Wednesday marks an interesting move in the technology world, as media mammoth YouTube has launched YouTube Red, a new ad-free service available for $9.99/month. In addition to ad-free videos, Red subscribers can also exit the app while music is playing, as well as access exclusive content. It’s not YouTube’s first foray into alternate revenue streams, but it’s a big step as they look to compete with paid video services like Hulu and Netflix.
The biggest factor in Red’s success will be in developing their exclusive content. Nearly all the videos on YouTube will be unaffected by Red, but some of the site’s biggest content creators will have videos pulled for Red-only access. Top creators are also being paired with big production budgets and directors, in the hopes they can transition their current name and platform into more developed content.
Here’s what you need to know about Red:
1. Red Launches Today
YouTube Red was announced just last week, but users won’t have to wait long to try it out. The service will be available October 28th in the US, with no timetable announced for international users.
Skeptical users can sign up for a one-month trial period after launch. While that enables users to Red features, it won’t come with the full array of content that comes with a paid subscription. In the coming months YouTube will be releasing original content as well as a YouTube music app, neither of which are currently available.
2. Access Will Cost $9.99 month
After the one month trial, users who subscribe to YouTube Red will be charged $9.99 per month. For that price, users will get numerous exclusive features, as well as access to Red-only content from some of the top YouTubers.
Red users will also have access to Google Play Music for free, and all Google Play members will have full Red access.
3. Users Will Get Exclusive Features
The biggest advantage of YouTube Red will be ad-free viewing. All ads will be removed from before and during all videos, as well as on the site. The Red membership applies across all platforms, including Smart TVs and gaming consoles. Users will also be able to save videos and playlists from YouTube, and have the ability to to watch them offline at a later time.

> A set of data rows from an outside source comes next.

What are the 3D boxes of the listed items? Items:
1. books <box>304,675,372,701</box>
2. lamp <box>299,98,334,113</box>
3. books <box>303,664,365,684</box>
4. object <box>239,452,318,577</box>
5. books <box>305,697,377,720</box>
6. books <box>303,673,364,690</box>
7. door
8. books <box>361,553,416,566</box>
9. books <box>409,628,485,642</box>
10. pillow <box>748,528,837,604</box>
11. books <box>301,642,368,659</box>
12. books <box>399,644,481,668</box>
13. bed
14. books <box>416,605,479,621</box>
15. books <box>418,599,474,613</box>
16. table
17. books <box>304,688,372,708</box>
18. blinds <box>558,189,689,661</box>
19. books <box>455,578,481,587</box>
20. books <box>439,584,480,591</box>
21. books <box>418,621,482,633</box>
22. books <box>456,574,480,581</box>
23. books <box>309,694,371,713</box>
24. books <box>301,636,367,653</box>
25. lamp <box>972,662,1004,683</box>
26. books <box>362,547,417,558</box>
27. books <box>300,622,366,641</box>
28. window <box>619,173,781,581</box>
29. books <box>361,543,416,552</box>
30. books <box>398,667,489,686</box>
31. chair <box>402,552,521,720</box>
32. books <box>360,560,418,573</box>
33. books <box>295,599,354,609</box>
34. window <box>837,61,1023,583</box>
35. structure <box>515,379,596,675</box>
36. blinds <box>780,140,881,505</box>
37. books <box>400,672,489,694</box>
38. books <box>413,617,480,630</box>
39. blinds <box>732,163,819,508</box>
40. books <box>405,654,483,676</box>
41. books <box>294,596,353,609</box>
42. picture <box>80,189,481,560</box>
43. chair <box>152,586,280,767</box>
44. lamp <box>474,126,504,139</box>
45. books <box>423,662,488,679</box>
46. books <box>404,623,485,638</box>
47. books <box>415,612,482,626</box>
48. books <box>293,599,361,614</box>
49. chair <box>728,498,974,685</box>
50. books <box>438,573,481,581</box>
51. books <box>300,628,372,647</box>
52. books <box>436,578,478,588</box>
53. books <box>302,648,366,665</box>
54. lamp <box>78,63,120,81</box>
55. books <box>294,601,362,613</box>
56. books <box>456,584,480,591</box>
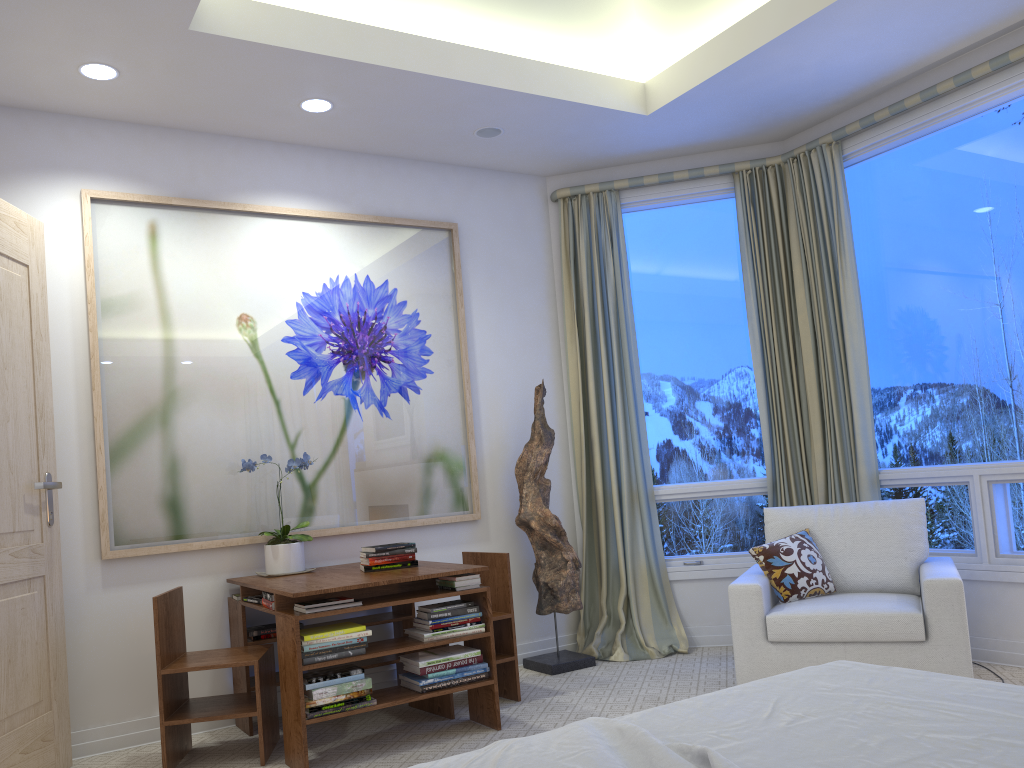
[{"bbox_3d":[-0.602,1.030,3.022,0.208,0.035,0.145,-1,-7,-31],"label":"books"},{"bbox_3d":[-0.799,-1.132,3.622,0.137,0.014,0.137,-8,-7,30],"label":"lamp"},{"bbox_3d":[-0.617,0.989,3.019,0.198,0.017,0.114,-1,-7,-31],"label":"books"},{"bbox_3d":[-0.968,0.537,3.672,0.305,0.503,0.217,-2,-4,-32],"label":"object"},{"bbox_3d":[-0.607,1.097,3.025,0.242,0.019,0.169,-1,-7,-31],"label":"books"},{"bbox_3d":[-0.621,1.005,3.017,0.205,0.018,0.119,-1,-7,-31],"label":"books"},{"bbox_3d":[-1.598,0.271,2.381,0.360,2.049,1.791,-4,-5,-15],"label":"door"},{"bbox_3d":[-0.496,0.694,3.525,0.190,0.031,0.132,-2,-7,-26],"label":"books"},{"bbox_3d":[-0.244,0.922,3.289,0.239,0.017,0.173,-2,-7,-26],"label":"books"},{"bbox_3d":[1.122,0.723,3.537,0.284,0.271,0.188,-3,-5,-22],"label":"pillow"},{"bbox_3d":[-0.630,0.904,3.036,0.234,0.019,0.144,-1,-7,-31],"label":"books"},{"bbox_3d":[-0.267,1.002,3.267,0.249,0.022,0.180,-1,-7,-31],"label":"books"},{"bbox_3d":[0.240,0.552,0.605,2.018,0.812,1.978,-1,-7,-32],"label":"bed"},{"bbox_3d":[-0.240,0.847,3.298,0.205,0.026,0.125,-2,-7,-26],"label":"books"},{"bbox_3d":[-0.247,0.827,3.294,0.177,0.017,0.113,-1,-7,-31],"label":"books"},{"bbox_3d":[-0.610,1.039,3.459,0.739,0.598,0.905,-2,-6,-31],"label":"table"},{"bbox_3d":[-0.611,1.057,3.015,0.233,0.022,0.142,-1,-7,-31],"label":"books"},{"bbox_3d":[0.459,0.167,4.454,0.643,2.367,0.295,-5,-3,10],"label":"blinds"},{"bbox_3d":[-0.202,0.740,3.318,0.108,0.020,0.151,-1,-7,-31],"label":"books"},{"bbox_3d":[-0.197,0.757,3.312,0.103,0.013,0.143,-1,-7,-31],"label":"books"},{"bbox_3d":[-0.236,0.895,3.288,0.205,0.011,0.149,-1,-7,-31],"label":"books"},{"bbox_3d":[-0.198,0.722,3.316,0.100,0.012,0.140,-1,-7,-31],"label":"books"},{"bbox_3d":[-0.612,1.078,3.020,0.217,0.021,0.157,-1,-7,-31],"label":"books"},{"bbox_3d":[-0.632,0.886,3.045,0.222,0.020,0.155,-1,-7,-31],"label":"books"},{"bbox_3d":[1.765,0.551,3.559,0.276,1.201,1.536,-4,-5,-19],"label":"lamp"},{"bbox_3d":[-0.493,0.670,3.529,0.205,0.020,0.125,-2,-7,-21],"label":"books"},{"bbox_3d":[-0.635,0.851,3.050,0.217,0.019,0.157,-1,-7,-31],"label":"books"},{"bbox_3d":[2.451,-0.424,2.029,0.813,2.019,6.878,-3,-6,-32],"label":"window"},{"bbox_3d":[-0.493,0.651,3.530,0.180,0.018,0.126,0,-8,-36],"label":"books"},{"bbox_3d":[-0.251,1.064,3.264,0.284,0.018,0.182,-1,-7,-31],"label":"books"},{"bbox_3d":[-0.223,1.029,3.705,0.340,0.608,0.341,-2,-5,-37],"label":"chair"},{"bbox_3d":[-0.493,0.723,3.534,0.212,0.027,0.155,-3,-6,-17],"label":"books"},{"bbox_3d":[-0.648,0.753,3.053,0.174,0.008,0.112,-1,-7,-31],"label":"books"},{"bbox_3d":[1.999,-0.208,3.676,0.205,2.020,1.520,-3,-5,-32],"label":"window"},{"bbox_3d":[0.165,0.668,4.285,0.305,1.389,0.265,-3,-4,-31],"label":"structure"},{"bbox_3d":[1.465,0.056,4.152,0.266,2.361,0.527,-2,-4,-39],"label":"blinds"},{"bbox_3d":[-0.253,1.088,3.276,0.276,0.032,0.193,-1,-7,-31],"label":"books"},{"bbox_3d":[-0.244,0.882,3.287,0.209,0.015,0.146,-1,-7,-31],"label":"books"},{"bbox_3d":[1.329,0.080,4.287,0.525,2.364,0.270,-5,-3,12],"label":"blinds"},{"bbox_3d":[-0.256,1.027,3.271,0.256,0.033,0.156,-1,-7,-31],"label":"books"},{"bbox_3d":[-0.648,0.753,3.052,0.177,0.009,0.113,-1,-7,-31],"label":"books"},{"bbox_3d":[-0.932,-0.056,3.905,1.679,1.456,0.030,-2,-4,-32],"label":"picture"},{"bbox_3d":[-1.063,1.045,3.218,0.340,0.608,0.341,-4,-4,-7],"label":"chair"},{"bbox_3d":[-0.105,-1.143,4.046,0.137,0.014,0.137,-8,-7,30],"label":"lamp"},{"bbox_3d":[-0.230,1.048,3.276,0.234,0.018,0.170,-2,-7,-26],"label":"books"},{"bbox_3d":[-0.252,0.908,3.292,0.249,0.015,0.180,-1,-7,-31],"label":"books"},{"bbox_3d":[-0.239,0.867,3.296,0.217,0.016,0.138,-1,-7,-31],"label":"books"},{"bbox_3d":[-0.634,0.764,3.053,0.201,0.015,0.140,-1,-7,-31],"label":"books"},{"bbox_3d":[1.313,0.830,3.475,0.808,0.704,0.689,-7,-5,23],"label":"chair"},{"bbox_3d":[-0.198,0.721,3.315,0.103,0.013,0.143,-1,-7,-31],"label":"books"},{"bbox_3d":[-0.626,0.869,3.062,0.239,0.019,0.173,-2,-7,-26],"label":"books"},{"bbox_3d":[-0.201,0.740,3.318,0.111,0.022,0.154,-1,-7,-31],"label":"books"},{"bbox_3d":[-0.633,0.924,3.034,0.217,0.020,0.157,-1,-7,-31],"label":"books"},{"bbox_3d":[-1.492,-1.121,3.198,0.137,0.014,0.137,-8,-7,30],"label":"lamp"},{"bbox_3d":[-0.633,0.764,3.053,0.201,0.014,0.137,-1,-7,-31],"label":"books"},{"bbox_3d":[-0.197,0.757,3.313,0.101,0.012,0.141,-1,-7,-31],"label":"books"}]

When watching on your mobile device, Red members will also be able to keep their video playing in the background while using other apps or locking their screen.
4. Popular YouTubers Will Have Members-Only Content
The big step for YouTube will not just be in cleaning up the ads. The major draw will be giving big budgets to some of the site’s tip content creators, and hoping they can create something special. Some of YouTube’s top talent is being paired with big-budget production crews, giving YouTube it’s first truly unique slate of original content.
Of course, it doesn’t come without an ugly side. Any YouTuber that collects checks from YouTube has had to fall in line to Red’s changes. If YouTubers do not agree to put content behind the paywall, YouTube has informed them it will hide their content from public view.
Here’s an excerpt from YouTube’s FAQ page for Youtube partners:
If you choose not to participate in our new paid offerings, you can change your video settings to private to keep videos hosted on YouTube. Though you can always choose whether to host any or all of your videos on YouTube, we strongly believe that any fan who’s willing to pay for a feature like an ads-free experience on YouTube deserves to access the exact same content that exists on the ad-supported site. A paid YouTube offering will give fans a compelling new way to enjoy their favorite content uninterrupted while offering partners a new way to earn revenue from their videos, benefits we feel are overwhelmingly positive for everyone.”
Due to rights issues, ESPN has been forced to remove all of their content.
5. This is Not YouTube’s First Attempt at Paid Content
While this is a major risk for YouTube, it’s not the first time they’ve tried to monetize their product. YouTube has made multiple attempts to bring a premium service to its viewers, in an attempt to compete with Netflix and Hulu. Most recently in 2014, they launched a tip jar system, where viewers could donate to their favorite YouTuber.
The biggest change came in 2013, when YouTube attempted charging users for specific channels. In 2012, YouTube doled out as much as $100 million to names like Madonna, Shaq, and Ashton Kutcher to develop channels for YouTube.